Cybersecurity, An On Going Threat

Cybersecurity is a great concern for organizations of all types and sizes. There is a significant potential for a wide variety of issues to arise from such a disruption. This is particularly true for public companies which are required to make filings with the Commission that may involve disclosing the event and response.

Last week the Commission reported four proceedings in which issuers were charged with violations of the securities laws based on cyber incidents. See, e.g. In the Matter of Unisys Corporation, Adm. Proc. File No. 3-22272 (October 22, 2024).

Respondent is a Delaware corporation based in Blue Bell, Pennsylvania. The firm’s shares are traded on the NYSE. The company information tech network and resources regularly stored and transmitted its customers’ data and information as well as its own.

The matter here involving Unisys centers on two incidents. First, in December 2020 Unisys identified a computer that was part of its network that had a version of SolarWinds Orion software. The company believed the device had likely been infected with malicious code that allow for unauthorized activity on affected computers and networks. Unisys also received notifications about, and discovered, compromises of its environment. Those compromises took place over a period of about 16 months beginning in January 2020. The issues and compromises involved at least seven network credentials and 34 cloud-based accounts. At least 33 gigabytes of data had been transferred. Unisys was aware that its investigations involved gaps based on the activity analyzed. The firm also believed that the issues likely arose from a nation-state threat actor.

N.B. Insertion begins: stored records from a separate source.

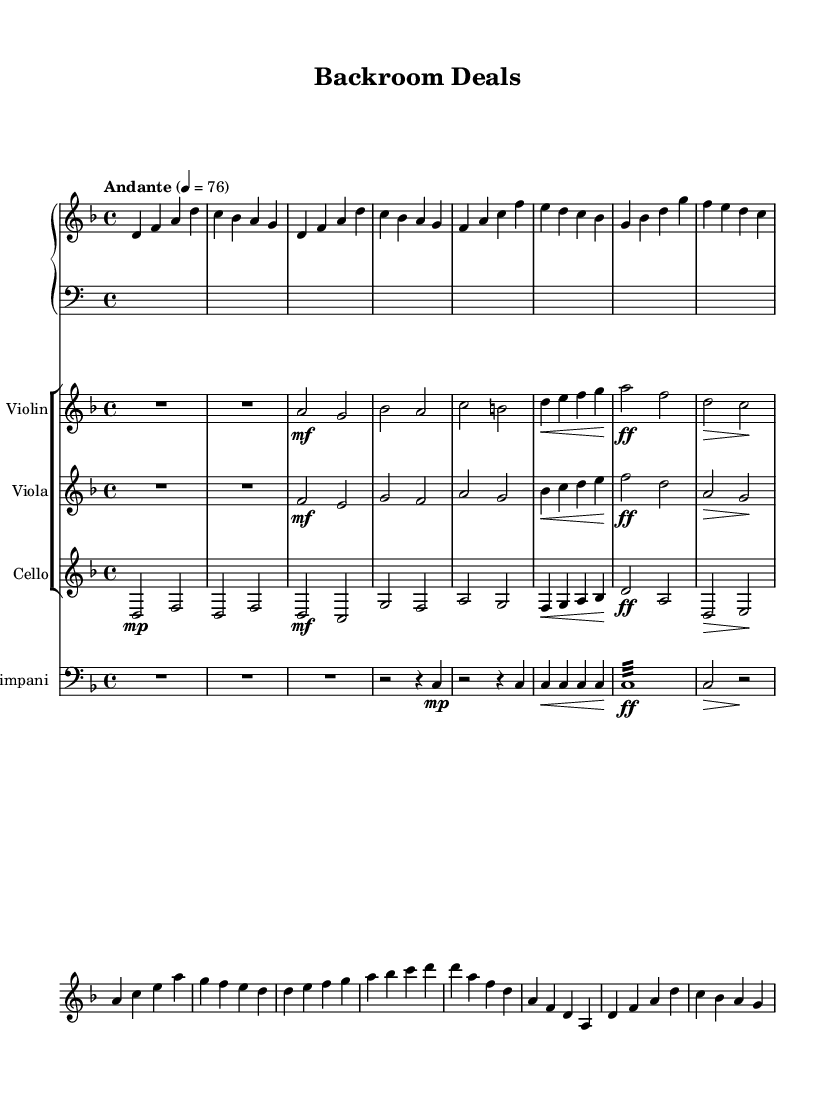What is the key signature of this music? The key signature is indicated at the beginning of the staff, displaying one flat (B flat) alongside D. This means the key is D minor, as D is the tonic note.
Answer: D minor What is the time signature of this music? The time signature appears at the beginning of the score and is written as a fraction, with a 4 on top and a 4 on the bottom, indicating that there are four beats in a measure, and the quarter note gets one beat.
Answer: 4/4 What is the tempo marking of this music? The tempo marking is usually found near the beginning. Here, it states "Andante" followed by a metronome marking of 76, which indicates a moderate walking pace.
Answer: Andante, 76 Which instrument has the first measure of rest? Looking at the first few measures, the notation provides a whole measure rest indicated by a "R" for the violin and viola parts, while the other instruments play.
Answer: Violin and Viola What dynamic marking does the cello have in measure 5? In measure 5 of the cello part, there is a dynamic marking "ff" which stands for fortissimo, indicating the musician should play very loudly.
Answer: fortissimo How many measures does the piano part have before the first rest? When counting through the measures in the piano part, there are 8 measures before encountering a rest, confirming that the piano part continues uninterrupted until then.
Answer: 8 measures What dynamic contrast does the viola exhibit between measure 4 and measure 5? The viola shows a dynamic contrast from a crescendo (from piano to fortissimo) in measure 4 to a louder dynamic in measure 5, which indicates an increase in intensity and energy in the music.
Answer: crescendo to fortissimo

In its Form 10-K for the fiscal years ended December 31, 2020 and 2021, the firm made disclosures regarding the incident. Those disclosures were not accurate. Specifically, they did not accurately describe the intrusions. The disclosures also did not accurately describe the risk of unauthorized data access, phrasing it in hypothetical terms rather than specifically stating what happened.

Second, in July 2022, the firm experienced a separate threat actor. It was a Russian-speaking ransomware group that successfully compromised the network. This group successfully exfiltrated certain cybersecurity product and platform software code for products the company offers to customers.

Prior to December 2022 Unisys’ incident response policies did not reasonably require cybersecurity personal to report information to company disclosure decision makers. It also did not require cybersecurity personnel to report information to the disclosure decision makers. Thus, senior cybersecurity personnel repeatedly failed to report incidents to executive management and the legal department.

Subsequently, the firm took a number of remedial steps regarding its policies and disclosed a material weakness in its disclosure controls. The complaint alleges violations of Securities Act Sections 17(a)(2) and 17(a)(3). The Commission considered the firm’s remedial acts and cooperation.

Respondent resolved the matter, consenting to the entry of a cease-and-desist order based on the Sections cited in the Order. In addition, Respondent agreed to pay a penalty of $4 million. See also In the Matter of Mimecast Ltd., Adm. Proc. File No. 3-22271 (Oct. 22, 2024)(similar incident and issues re cybersecurity incident; resolved on similar terms); In the Matter of Check Point Software Technologies, Ltd., Adm. Proc. File No. 3-22270 (Oct. 22, 2024)(similar issues and resolution); In the Matter of Mimecast Ltd., Adm. Proc. File No. 3-22271 (Oct. 22, 2024)(similar issues and resolution); In the Matter of Avaya Holdings Corp., Adm. Proc. File No. 3-22269 (Oct. 22, 2024)(similar issues resolved on similar terms).